Each tool uses Pydantic models for type-safe input validation. Example schemas:

GitHubToolInput agents/react_tools.py61-67:

class GitHubToolInput(BaseModel):
    url: HttpUrl = Field(..., description="Full URL to a public GitHub repository.")
    question: str = Field(..., description="Question about the repository.")
    chat_history: Optional[list[dict[str, Any]]] = Field(
        default=None,
        description="Optional chat history as a list of {role, content} maps.",
    )

GmailSendEmailInput agents/react_tools.py114-124:

class GmailSendEmailInput(BaseModel):
    to: EmailStr = Field(..., description="Recipient email address.")
    subject: str = Field(..., min_length=1, description="Email subject line.")
    body: str = Field(..., min_length=1, description="Plain-text body content.")
    access_token: Optional[str] = Field(
        default=None,
        description="OAuth access token with Gmail send scope. "
                   "If omitted, a pre-configured token will be used when available.",
    )

Sources: agents/react_tools.py61-210


Dynamic Tool Construction

Context-Based Tool Assembly

The build_agent_tools() function dynamically constructs the tool list based on the authentication context provided by the user. This allows the agent to access Gmail, Calendar, and PyJIIT tools only when credentials are available.

Architecture Diagram

Implementation agents/react_tools.py609-699:

def build_agent_tools(context: Optional[Dict[str, Any]] = None) -> list[StructuredTool]:
    ctx: Dict[str, Any] = dict(context or {})
    google_token = ctx.get("google_access_token") or ctx.get("google_acces_token")
    pyjiit_payload = ctx.get("pyjiit_login_response") or ctx.get("pyjiit_login_responce")

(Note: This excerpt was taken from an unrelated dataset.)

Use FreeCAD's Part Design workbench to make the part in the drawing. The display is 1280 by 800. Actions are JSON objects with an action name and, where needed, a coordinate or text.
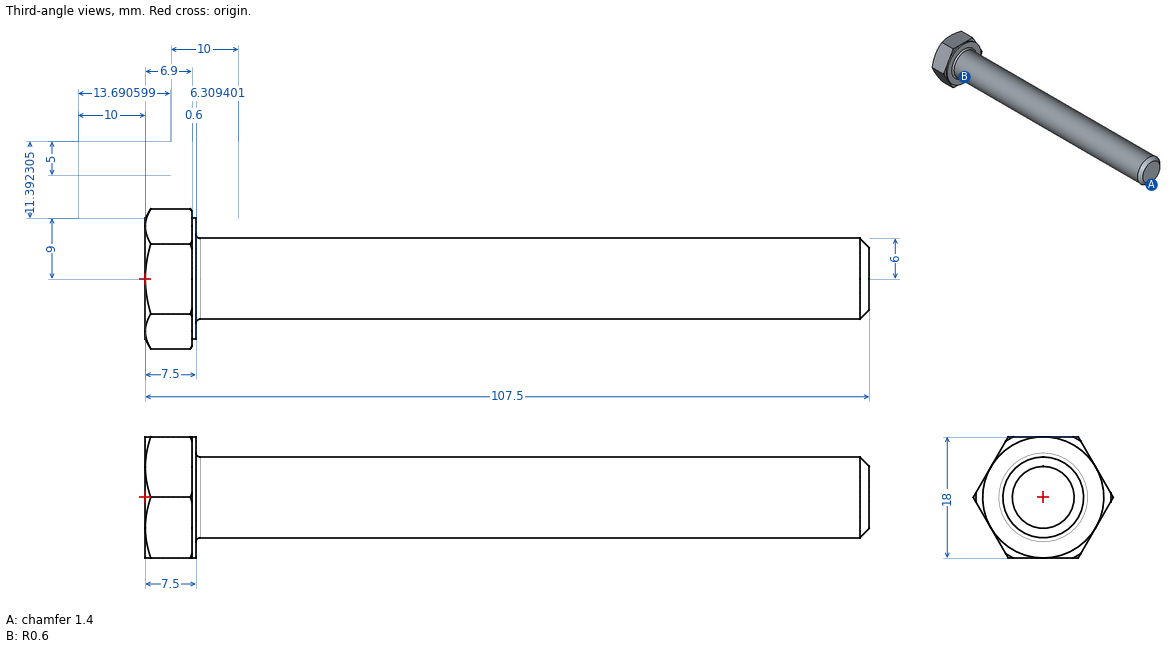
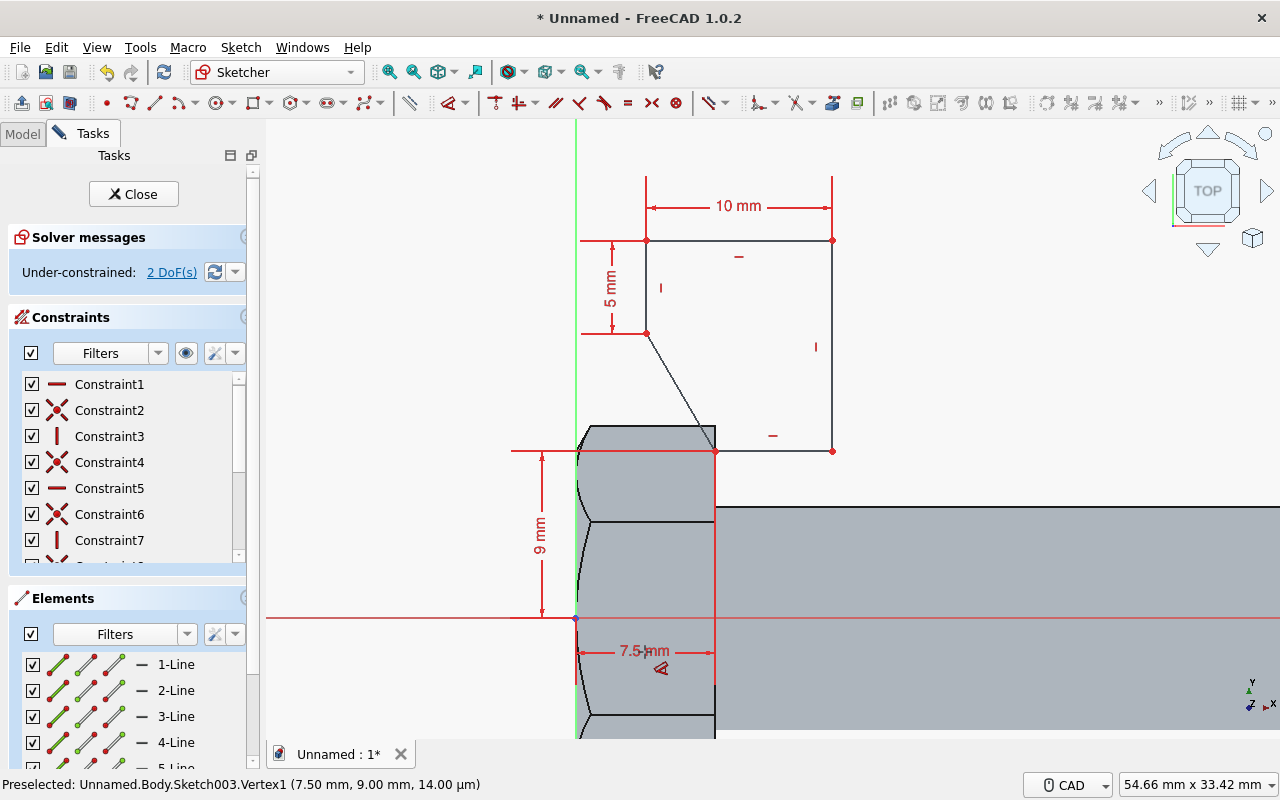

    tools: list[StructuredTool] = [
        github_agent,
        websearch_agent,
        website_agent,
        youtube_agent,
        browser_action_agent,
    ]

    if google_token:
        tools.append(
            StructuredTool(
                name=gmail_agent.name,
                description=gmail_agent.description,
                coroutine=partial(_gmail_tool, _default_token=google_token),
                args_schema=GmailToolInput,
            )
        )
        # ... similar pattern for other Google tools

    if pyjiit_payload:
        tools.append(
            StructuredTool(
                name=pyjiit_agent.name,
                description=pyjiit_agent.description,
                coroutine=partial(_pyjiit_attendance_tool, _default_payload=pyjiit_payload),
                args_schema=PyjiitAttendanceInput,
            )
        )

    return tools

functools.partial Pattern

The system uses functools.partial to "bake in" authentication credentials as default arguments to tool coroutines. This allows the LLM to call authenticated tools without needing to pass tokens explicitly in every invocation.

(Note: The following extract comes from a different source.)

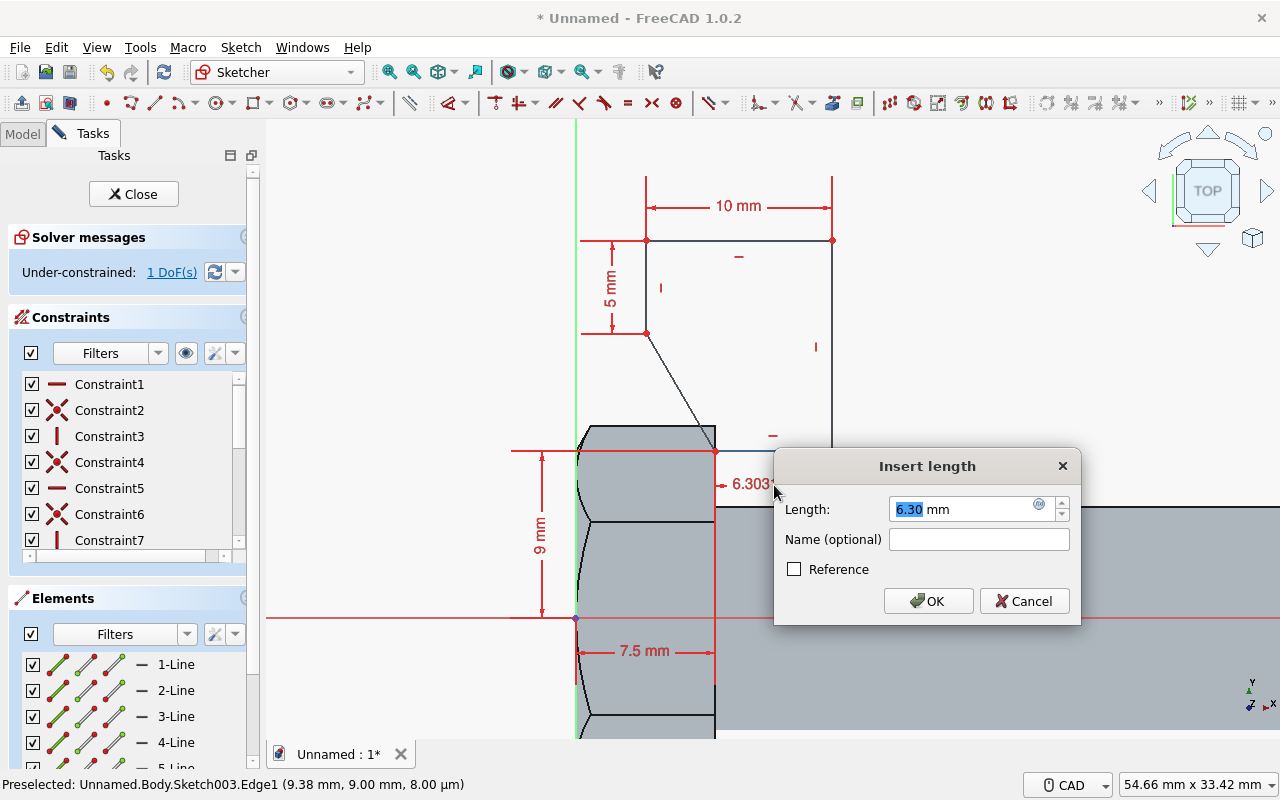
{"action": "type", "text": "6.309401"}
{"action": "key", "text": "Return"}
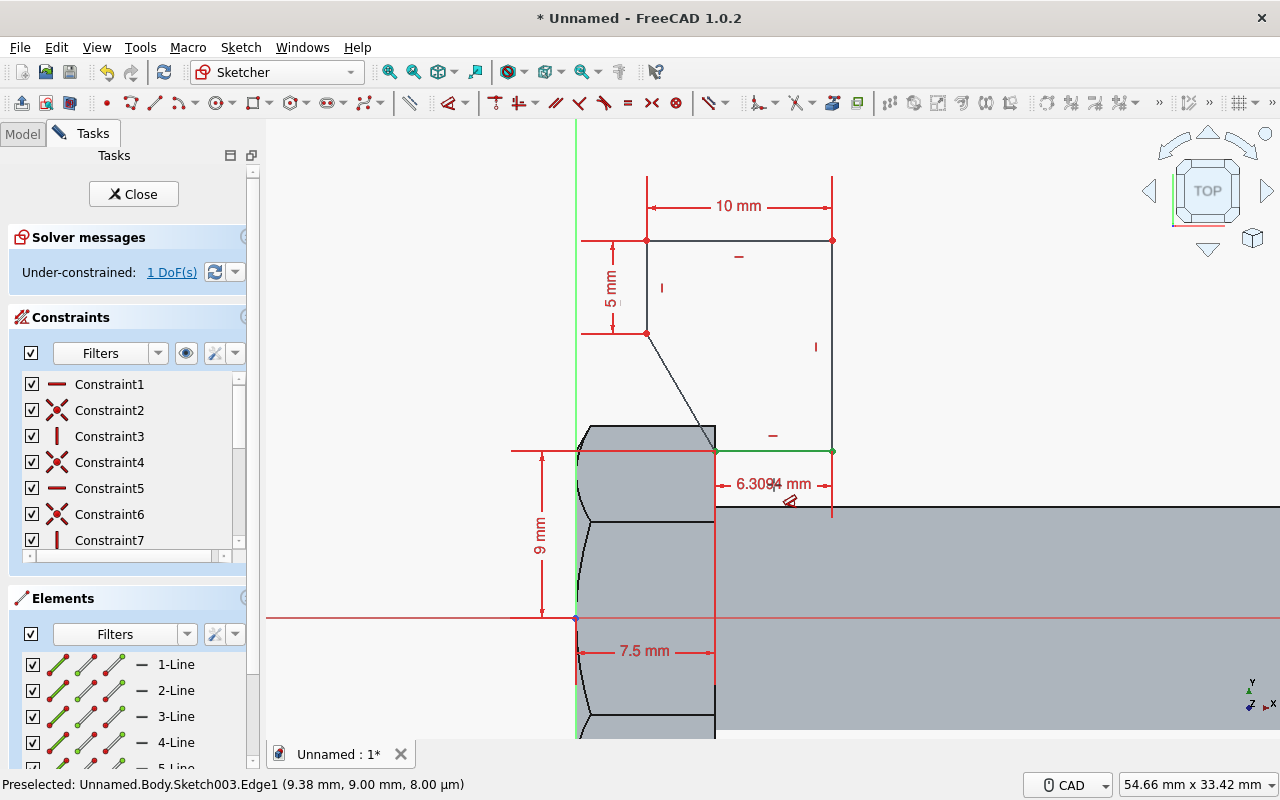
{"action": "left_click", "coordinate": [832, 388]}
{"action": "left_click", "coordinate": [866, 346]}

For example, _gmail_tool agents/react_tools.py279-300 accepts an _default_token keyword argument:

async def _gmail_tool(
    access_token: Optional[str] = None,
    max_results: int = 5,
    *,
    _default_token: Optional[str] = None,
) -> str:
    token = access_token or _default_token
    if not token:
        return "Unable to fetch Gmail messages because no Google access token was provided."
    # ... rest of implementation

When build_agent_tools() creates the Gmail tool for a user with a token, it uses partial(_gmail_tool, _default_token=google_token) agents/react_tools.py629 so the LLM doesn't need to provide the token.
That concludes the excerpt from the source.